◆ DIRECTIONS ◆
Scan the listing below. Return every line containing the string "middle".

◆ PROVIDED MATERIAL ◆

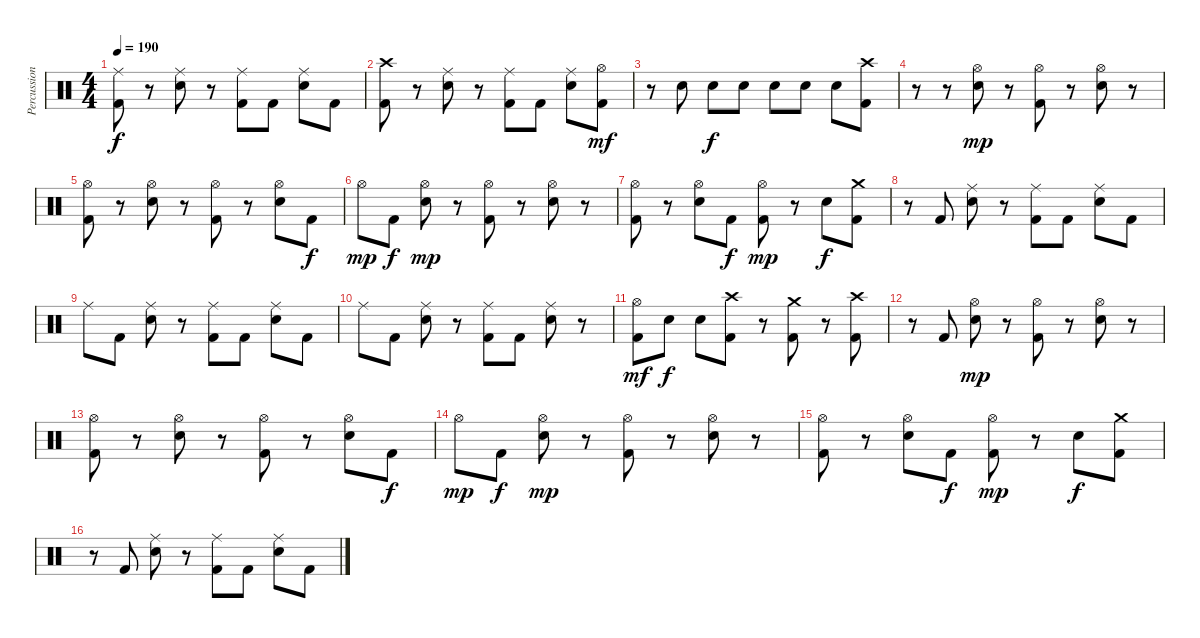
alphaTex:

\track ("Percussion" "Percussion") {instrument percussion}
\staff {score}
\articulation defaults
\ts (4 4)
\tempo 190
\clef neutral
\ks c
("Ride (middle)" "Kick (hit) 2").8{dy f} r.8 ("Ride (middle)" "Snare (hit) 2").8 r.8 ("Ride (middle)" "Kick (hit) 2").8 "Kick (hit) 2".8 ("Ride (middle)" "Snare (hit) 2").8 "Kick (hit) 2".8 |
("Crash high (hit)" "Kick (hit) 2").8 r.8 ("Ride (middle)" "Snare (hit) 2").8 r.8 ("Ride (middle)" "Kick (hit) 2").8 "Kick (hit) 2".8 ("Ride (middle)" "Snare (hit) 2").8 ("Hi-Hat (open)" "Kick (hit) 2").8{dy mf} |
r.8 "Snare (hit) 2".8 "Snare (hit) 2".8{dy f} "Snare (hit) 2".8 "Snare (hit) 2".8 "Snare (hit) 2".8 "Snare (hit) 2".8 ("Crash high (hit)" "Kick (hit) 2").8 |
r.8 r.8 ("Hi-Hat (open)" "Snare (hit) 2").8{dy mp} r.8 ("Hi-Hat (open)" "Kick (hit) 2").8 r.8 ("Hi-Hat (open)" "Snare (hit) 2").8 r.8 |
("Hi-Hat (open)" "Kick (hit) 2").8 r.8 ("Hi-Hat (open)" "Snare (hit) 2").8 r.8 ("Hi-Hat (open)" "Kick (hit) 2").8 r.8 ("Hi-Hat (open)" "Snare (hit) 2").8 "Kick (hit) 2".8{dy f} |
"Hi-Hat (open)".8{dy mp} "Kick (hit) 2".8{dy f} ("Hi-Hat (open)" "Snare (hit) 2").8{dy mp} r.8 ("Hi-Hat (open)" "Kick (hit) 2").8 r.8 ("Hi-Hat (open)" "Snare (hit) 2").8 r.8 |
("Hi-Hat (open)" "Kick (hit) 2").8 r.8 ("Hi-Hat (open)" "Snare (hit) 2").8 "Kick (hit) 2".8{dy f} ("Hi-Hat (open)" "Kick (hit) 2").8{dy mp} r.8 "Snare (hit) 2".8{dy f} ("Crash medium (hit)" "Kick (hit) 2").8 |
r.8 "Kick (hit) 2".8 ("Ride (middle)" "Snare (hit) 2").8 r.8 ("Ride (middle)" "Kick (hit) 2").8 "Kick (hit) 2".8 ("Ride (middle)" "Snare (hit) 2").8 "Kick (hit) 2".8 |
"Ride (middle)".8 "Kick (hit) 2".8 ("Ride (middle)" "Snare (hit) 2").8 r.8 ("Ride (middle)" "Kick (hit) 2").8 "Kick (hit) 2".8 ("Ride (middle)" "Snare (hit) 2").8 "Kick (hit) 2".8 |
"Ride (middle)".8 "Kick (hit) 2".8 ("Ride (middle)" "Snare (hit) 2").8 r.8 ("Ride (middle)" "Kick (hit) 2").8 "Kick (hit) 2".8 ("Ride (middle)" "Snare (hit) 2").8 r.8 |
("Hi-Hat (open)" "Kick (hit) 2").8{dy mf} "Snare (hit) 2".8{dy f} "Snare (hit) 2".8 ("Crash high (hit)" "Kick (hit) 2").8 r.8 ("Crash medium (hit)" "Kick (hit) 2").8 r.8 ("Crash high (hit)" "Kick (hit) 2").8 |
r.8 "Kick (hit) 2".8 ("Hi-Hat (open)" "Snare (hit) 2").8{dy mp} r.8 ("Hi-Hat (open)" "Kick (hit) 2").8 r.8 ("Hi-Hat (open)" "Snare (hit) 2").8 r.8 |
("Hi-Hat (open)" "Kick (hit) 2").8 r.8 ("Hi-Hat (open)" "Snare (hit) 2").8 r.8 ("Hi-Hat (open)" "Kick (hit) 2").8 r.8 ("Hi-Hat (open)" "Snare (hit) 2").8 "Kick (hit) 2".8{dy f} |
"Hi-Hat (open)".8{dy mp} "Kick (hit) 2".8{dy f} ("Hi-Hat (open)" "Snare (hit) 2").8{dy mp} r.8 ("Hi-Hat (open)" "Kick (hit) 2").8 r.8 ("Hi-Hat (open)" "Snare (hit) 2").8 r.8 |
("Hi-Hat (open)" "Kick (hit) 2").8 r.8 ("Hi-Hat (open)" "Snare (hit) 2").8 "Kick (hit) 2".8{dy f} ("Hi-Hat (open)" "Kick (hit) 2").8{dy mp} r.8 "Snare (hit) 2".8{dy f} ("Crash medium (hit)" "Kick (hit) 2").8 |
r.8 "Kick (hit) 2".8 ("Ride (middle)" "Snare (hit) 2").8 r.8 ("Ride (middle)" "Kick (hit) 2").8 "Kick (hit) 2".8 ("Ride (middle)" "Snare (hit) 2").8 "Kick (hit) 2".8
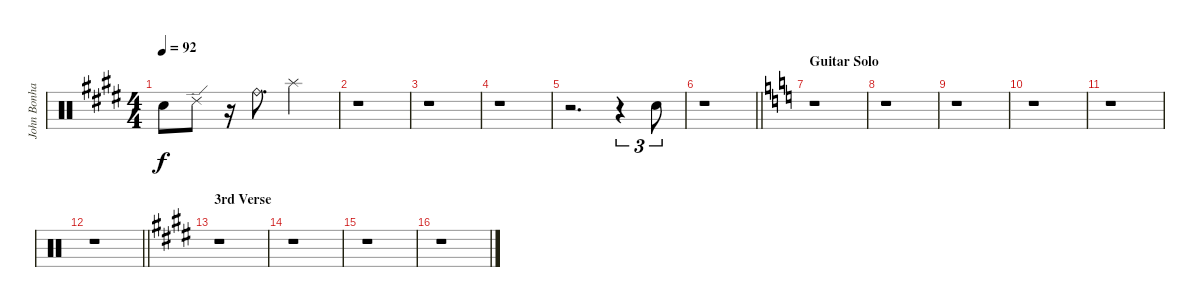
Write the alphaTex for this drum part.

\track ("John Bonham Percusive Kit" "John Bonha") {instrument percussion}
\staff {score}
\articulation defaults
\ts (4 4)
\tempo 92
\clef neutral
\ks e "Snare (hit)"{t}.8{dy f} "Ride (edge) 2".8
r.16 "Ride (bell)".8{d} "Splash (hit)".2 |
r.1 |
r.1 |
r.1 |
r.2{d} r.4{tu (3 2)} "Snare (hit) 2".8{tu (3 2)} |
\barLineRight lightlight
r.1 |
\section ("" "Guitar Solo")
\ks c
r.1 |
r.1 |
r.1 |
r.1 |
r.1 |
\barLineRight lightlight
r.1 |
\section ("" "3rd Verse")
\ks e
r.1 |
r.1 |
r.1 |
r.1
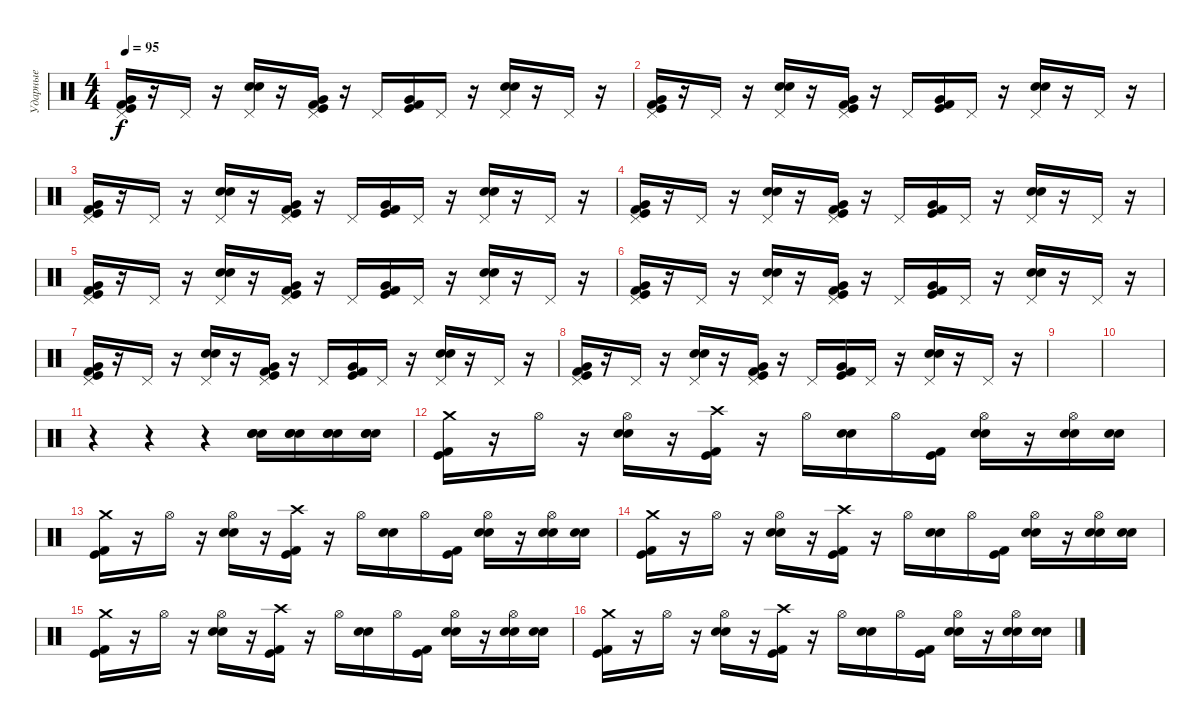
\track ("Ударные" "Ударные") {instrument percussion}
\staff {score}
\articulation defaults
\ts (4 4)
\tempo 95
\clef neutral
\ks c
("Pedal Hi-Hat (hit)" "Very Low Tom (hit)" "Kick (hit)" "Kick (hit) 2").16{dy f} r.16 "Pedal Hi-Hat (hit)".16 r.16 ("Pedal Hi-Hat (hit)" "Electric Snare (hit)" "Snare (hit) 2").16 r.16 ("Pedal Hi-Hat (hit)" "Very Low Tom (hit)" "Kick (hit)" "Kick (hit) 2").16 r.16 "Pedal Hi-Hat (hit)".16 ("Very Low Tom (hit)" "Kick (hit)" "Kick (hit) 2").16 "Pedal Hi-Hat (hit)".16 r.16 ("Pedal Hi-Hat (hit)" "Electric Snare (hit)" "Snare (hit) 2").16 r.16 "Pedal Hi-Hat (hit)".16 r.16 |
("Pedal Hi-Hat (hit)" "Very Low Tom (hit)" "Kick (hit)" "Kick (hit) 2").16 r.16 "Pedal Hi-Hat (hit)".16 r.16 ("Pedal Hi-Hat (hit)" "Electric Snare (hit)" "Snare (hit) 2").16 r.16 ("Pedal Hi-Hat (hit)" "Very Low Tom (hit)" "Kick (hit)" "Kick (hit) 2").16 r.16 "Pedal Hi-Hat (hit)".16 ("Very Low Tom (hit)" "Kick (hit)" "Kick (hit) 2").16 "Pedal Hi-Hat (hit)".16 r.16 ("Pedal Hi-Hat (hit)" "Electric Snare (hit)" "Snare (hit) 2").16 r.16 "Pedal Hi-Hat (hit)".16 r.16 |
("Pedal Hi-Hat (hit)" "Very Low Tom (hit)" "Kick (hit)" "Kick (hit) 2").16 r.16 "Pedal Hi-Hat (hit)".16 r.16 ("Pedal Hi-Hat (hit)" "Electric Snare (hit)" "Snare (hit) 2").16 r.16 ("Pedal Hi-Hat (hit)" "Very Low Tom (hit)" "Kick (hit)" "Kick (hit) 2").16 r.16 "Pedal Hi-Hat (hit)".16 ("Very Low Tom (hit)" "Kick (hit)" "Kick (hit) 2").16 "Pedal Hi-Hat (hit)".16 r.16 ("Pedal Hi-Hat (hit)" "Electric Snare (hit)" "Snare (hit) 2").16 r.16 "Pedal Hi-Hat (hit)".16 r.16 |
("Pedal Hi-Hat (hit)" "Very Low Tom (hit)" "Kick (hit)" "Kick (hit) 2").16 r.16 "Pedal Hi-Hat (hit)".16 r.16 ("Pedal Hi-Hat (hit)" "Electric Snare (hit)" "Snare (hit) 2").16 r.16 ("Pedal Hi-Hat (hit)" "Very Low Tom (hit)" "Kick (hit)" "Kick (hit) 2").16 r.16 "Pedal Hi-Hat (hit)".16 ("Very Low Tom (hit)" "Kick (hit)" "Kick (hit) 2").16 "Pedal Hi-Hat (hit)".16 r.16 ("Pedal Hi-Hat (hit)" "Electric Snare (hit)" "Snare (hit) 2").16 r.16 "Pedal Hi-Hat (hit)".16 r.16 |
("Pedal Hi-Hat (hit)" "Very Low Tom (hit)" "Kick (hit)" "Kick (hit) 2").16 r.16 "Pedal Hi-Hat (hit)".16 r.16 ("Pedal Hi-Hat (hit)" "Electric Snare (hit)" "Snare (hit) 2").16 r.16 ("Pedal Hi-Hat (hit)" "Very Low Tom (hit)" "Kick (hit)" "Kick (hit) 2").16 r.16 "Pedal Hi-Hat (hit)".16 ("Very Low Tom (hit)" "Kick (hit)" "Kick (hit) 2").16 "Pedal Hi-Hat (hit)".16 r.16 ("Pedal Hi-Hat (hit)" "Electric Snare (hit)" "Snare (hit) 2").16 r.16 "Pedal Hi-Hat (hit)".16 r.16 |
("Pedal Hi-Hat (hit)" "Very Low Tom (hit)" "Kick (hit)" "Kick (hit) 2").16 r.16 "Pedal Hi-Hat (hit)".16 r.16 ("Pedal Hi-Hat (hit)" "Electric Snare (hit)" "Snare (hit) 2").16 r.16 ("Pedal Hi-Hat (hit)" "Very Low Tom (hit)" "Kick (hit)" "Kick (hit) 2").16 r.16 "Pedal Hi-Hat (hit)".16 ("Very Low Tom (hit)" "Kick (hit)" "Kick (hit) 2").16 "Pedal Hi-Hat (hit)".16 r.16 ("Pedal Hi-Hat (hit)" "Electric Snare (hit)" "Snare (hit) 2").16 r.16 "Pedal Hi-Hat (hit)".16 r.16 |
("Pedal Hi-Hat (hit)" "Very Low Tom (hit)" "Kick (hit)" "Kick (hit) 2").16 r.16 "Pedal Hi-Hat (hit)".16 r.16 ("Pedal Hi-Hat (hit)" "Electric Snare (hit)" "Snare (hit) 2").16 r.16 ("Pedal Hi-Hat (hit)" "Very Low Tom (hit)" "Kick (hit)" "Kick (hit) 2").16 r.16 "Pedal Hi-Hat (hit)".16 ("Very Low Tom (hit)" "Kick (hit)" "Kick (hit) 2").16 "Pedal Hi-Hat (hit)".16 r.16 ("Pedal Hi-Hat (hit)" "Electric Snare (hit)" "Snare (hit) 2").16 r.16 "Pedal Hi-Hat (hit)".16 r.16 |
("Pedal Hi-Hat (hit)" "Very Low Tom (hit)" "Kick (hit)" "Kick (hit) 2").16 r.16 "Pedal Hi-Hat (hit)".16 r.16 ("Pedal Hi-Hat (hit)" "Electric Snare (hit)" "Snare (hit) 2").16 r.16 ("Pedal Hi-Hat (hit)" "Very Low Tom (hit)" "Kick (hit)" "Kick (hit) 2").16 r.16 "Pedal Hi-Hat (hit)".16 ("Very Low Tom (hit)" "Kick (hit)" "Kick (hit) 2").16 "Pedal Hi-Hat (hit)".16 r.16 ("Pedal Hi-Hat (hit)" "Electric Snare (hit)" "Snare (hit) 2").16 r.16 "Pedal Hi-Hat (hit)".16 r.16 |
|
|
r.4 r.4 r.4 ("Snare (hit) 2" "Electric Snare (hit)" "Snare (hit) 2").16 ("Snare (hit) 2" "Electric Snare (hit)" "Snare (hit) 2").16 ("Snare (hit) 2" "Electric Snare (hit)" "Snare (hit) 2").16 ("Snare (hit) 2" "Electric Snare (hit)" "Snare (hit) 2").16 |
("Crash medium (hit)" "Kick (hit)" "Kick (hit) 2").16 r.16 "Hi-Hat (open)".16 r.16 ("Hi-Hat (open)" "Electric Snare (hit)" "Snare (hit) 2").16 r.16 ("Crash high (hit)" "Kick (hit)" "Kick (hit) 2").16 r.16 "Hi-Hat (open)".16 ("Snare (hit) 2" "Electric Snare (hit)").16 "Hi-Hat (open)".16 ("Kick (hit)" "Kick (hit) 2").16 ("Hi-Hat (open)" "Electric Snare (hit)" "Snare (hit) 2").16 r.16 ("Hi-Hat (open)" "Snare (hit) 2" "Electric Snare (hit)").16 ("Snare (hit) 2" "Electric Snare (hit)").16 |
("Crash medium (hit)" "Kick (hit)" "Kick (hit) 2").16 r.16 "Hi-Hat (open)".16 r.16 ("Hi-Hat (open)" "Electric Snare (hit)" "Snare (hit) 2").16 r.16 ("Crash high (hit)" "Kick (hit)" "Kick (hit) 2").16 r.16 "Hi-Hat (open)".16 ("Snare (hit) 2" "Electric Snare (hit)").16 "Hi-Hat (open)".16 ("Kick (hit)" "Kick (hit) 2").16 ("Hi-Hat (open)" "Electric Snare (hit)" "Snare (hit) 2").16 r.16 ("Hi-Hat (open)" "Snare (hit) 2" "Electric Snare (hit)").16 ("Snare (hit) 2" "Electric Snare (hit)").16 |
("Crash medium (hit)" "Kick (hit)" "Kick (hit) 2").16 r.16 "Hi-Hat (open)".16 r.16 ("Hi-Hat (open)" "Electric Snare (hit)" "Snare (hit) 2").16 r.16 ("Crash high (hit)" "Kick (hit)" "Kick (hit) 2").16 r.16 "Hi-Hat (open)".16 ("Snare (hit) 2" "Electric Snare (hit)").16 "Hi-Hat (open)".16 ("Kick (hit)" "Kick (hit) 2").16 ("Hi-Hat (open)" "Electric Snare (hit)" "Snare (hit) 2").16 r.16 ("Hi-Hat (open)" "Snare (hit) 2" "Electric Snare (hit)").16 ("Snare (hit) 2" "Electric Snare (hit)").16 |
("Crash medium (hit)" "Kick (hit)" "Kick (hit) 2").16 r.16 "Hi-Hat (open)".16 r.16 ("Hi-Hat (open)" "Electric Snare (hit)" "Snare (hit) 2").16 r.16 ("Crash high (hit)" "Kick (hit)" "Kick (hit) 2").16 r.16 "Hi-Hat (open)".16 ("Snare (hit) 2" "Electric Snare (hit)").16 "Hi-Hat (open)".16 ("Kick (hit)" "Kick (hit) 2").16 ("Hi-Hat (open)" "Electric Snare (hit)" "Snare (hit) 2").16 r.16 ("Hi-Hat (open)" "Snare (hit) 2" "Electric Snare (hit)").16 ("Snare (hit) 2" "Electric Snare (hit)").16 |
("Crash medium (hit)" "Kick (hit)" "Kick (hit) 2").16 r.16 "Hi-Hat (open)".16 r.16 ("Hi-Hat (open)" "Electric Snare (hit)" "Snare (hit) 2").16 r.16 ("Crash high (hit)" "Kick (hit)" "Kick (hit) 2").16 r.16 "Hi-Hat (open)".16 ("Snare (hit) 2" "Electric Snare (hit)").16 "Hi-Hat (open)".16 ("Kick (hit)" "Kick (hit) 2").16 ("Hi-Hat (open)" "Electric Snare (hit)" "Snare (hit) 2").16 r.16 ("Hi-Hat (open)" "Snare (hit) 2" "Electric Snare (hit)").16 ("Snare (hit) 2" "Electric Snare (hit)").16

◆ EXPECTED ANSWER ◆
("Ride (middle)" "Kick (hit) 2").8{dy f} r.8 ("Ride (middle)" "Snare (hit) 2").8 r.8 ("Ride (middle)" "Kick (hit) 2").8 "Kick (hit) 2".8 ("Ride (middle)" "Snare (hit) 2").8 "Kick (hit) 2".8 |
("Crash high (hit)" "Kick (hit) 2").8 r.8 ("Ride (middle)" "Snare (hit) 2").8 r.8 ("Ride (middle)" "Kick (hit) 2").8 "Kick (hit) 2".8 ("Ride (middle)" "Snare (hit) 2").8 ("Hi-Hat (open)" "Kick (hit) 2").8{dy mf} |
r.8 "Kick (hit) 2".8 ("Ride (middle)" "Snare (hit) 2").8 r.8 ("Ride (middle)" "Kick (hit) 2").8 "Kick (hit) 2".8 ("Ride (middle)" "Snare (hit) 2").8 "Kick (hit) 2".8 |
"Ride (middle)".8 "Kick (hit) 2".8 ("Ride (middle)" "Snare (hit) 2").8 r.8 ("Ride (middle)" "Kick (hit) 2").8 "Kick (hit) 2".8 ("Ride (middle)" "Snare (hit) 2").8 "Kick (hit) 2".8 |
"Ride (middle)".8 "Kick (hit) 2".8 ("Ride (middle)" "Snare (hit) 2").8 r.8 ("Ride (middle)" "Kick (hit) 2").8 "Kick (hit) 2".8 ("Ride (middle)" "Snare (hit) 2").8 r.8 |
r.8 "Kick (hit) 2".8 ("Ride (middle)" "Snare (hit) 2").8 r.8 ("Ride (middle)" "Kick (hit) 2").8 "Kick (hit) 2".8 ("Ride (middle)" "Snare (hit) 2").8 "Kick (hit) 2".8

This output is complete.